WHAT TO PRODUCE: The output is the line containing "924x1307 pixels." plus every later line down to the end of the listing below, copied exactly. No pictures belong in it.

EXTRACTED INFORMATION:

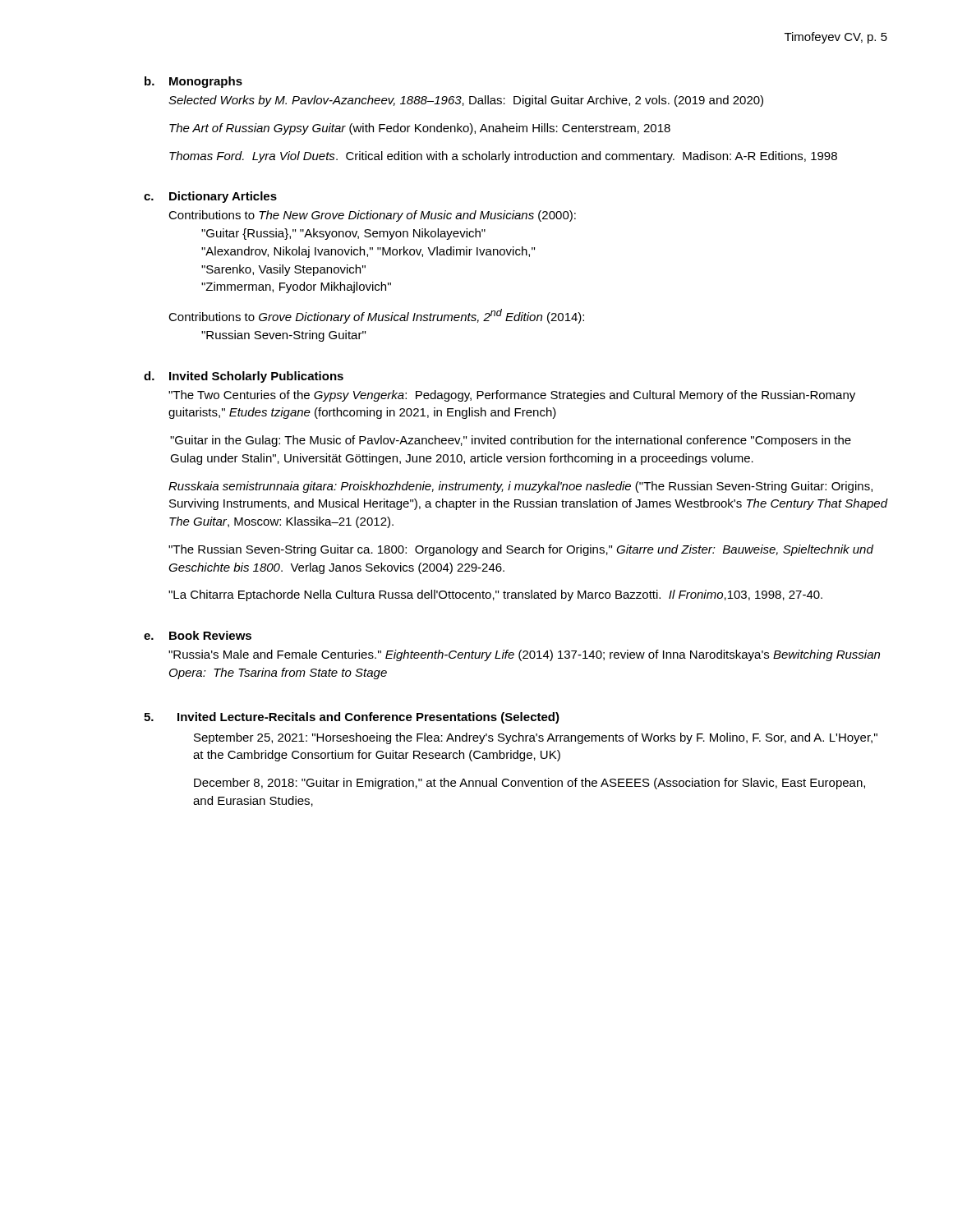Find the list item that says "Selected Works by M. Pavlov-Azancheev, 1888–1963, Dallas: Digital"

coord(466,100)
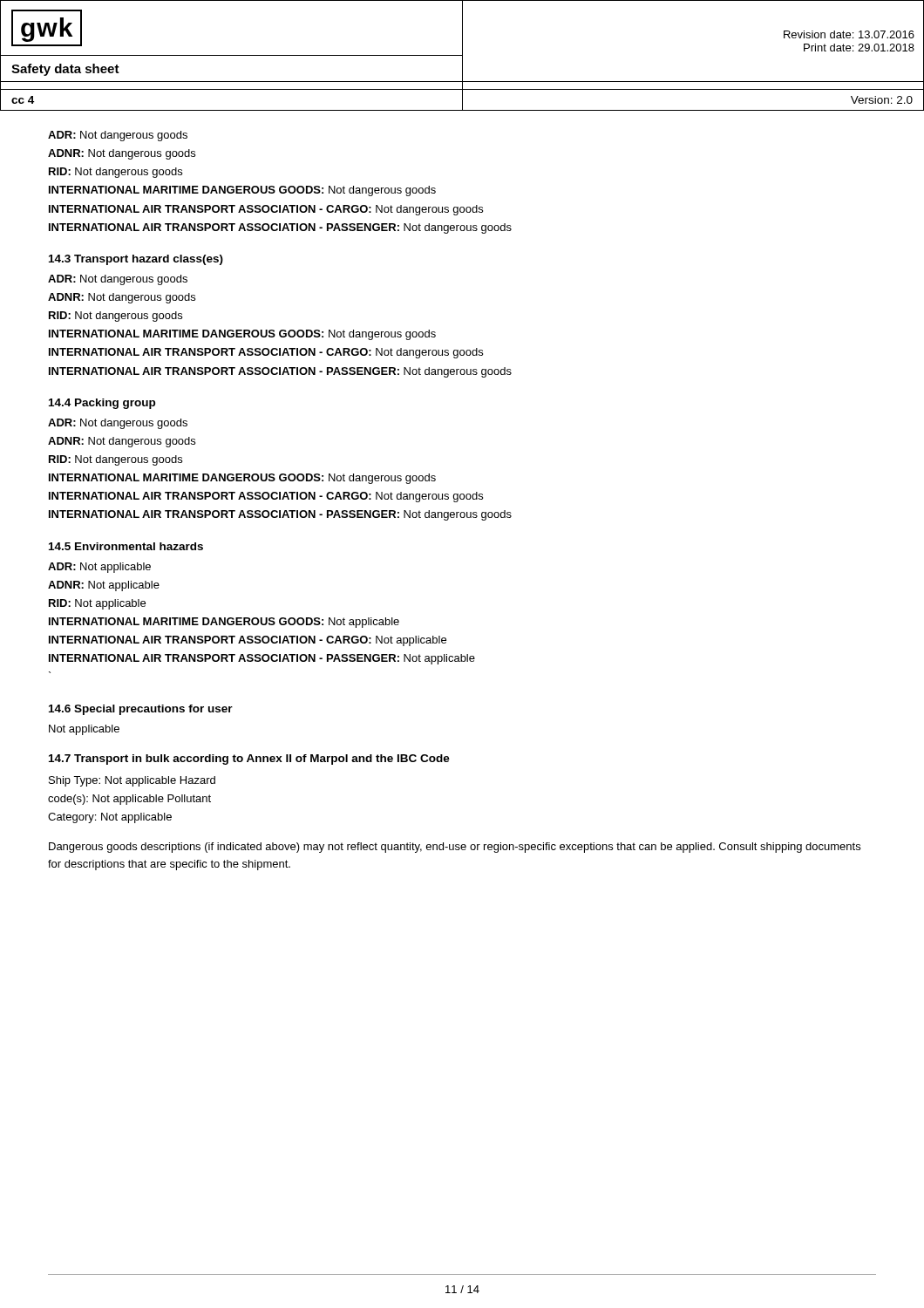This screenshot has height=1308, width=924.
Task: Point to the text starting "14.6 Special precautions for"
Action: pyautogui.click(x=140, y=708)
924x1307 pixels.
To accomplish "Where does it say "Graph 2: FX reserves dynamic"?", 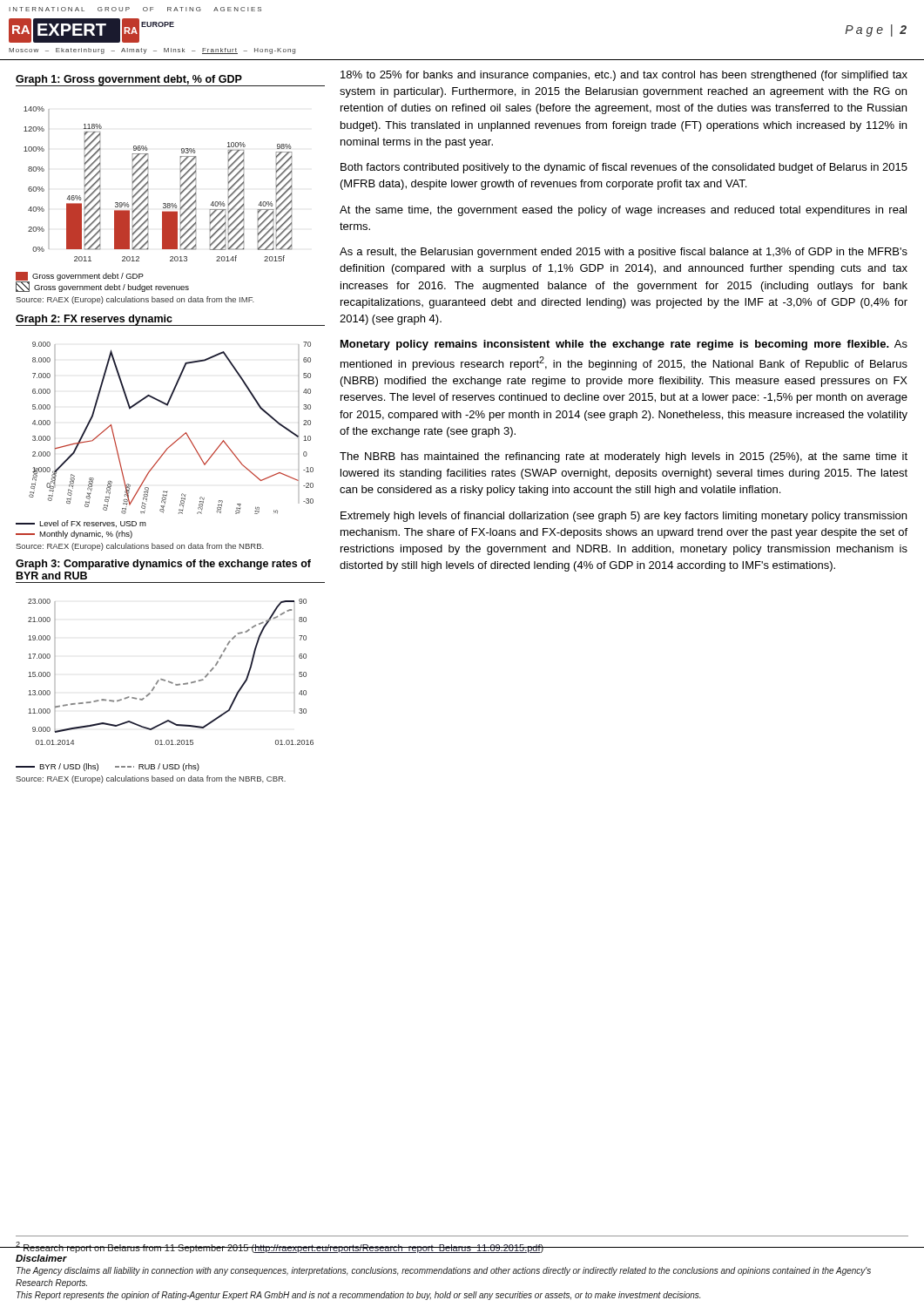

RESPONSE TO THIS TASK:
924x1307 pixels.
To accomplish "Where does it say "Graph 2: FX reserves dynamic"?", 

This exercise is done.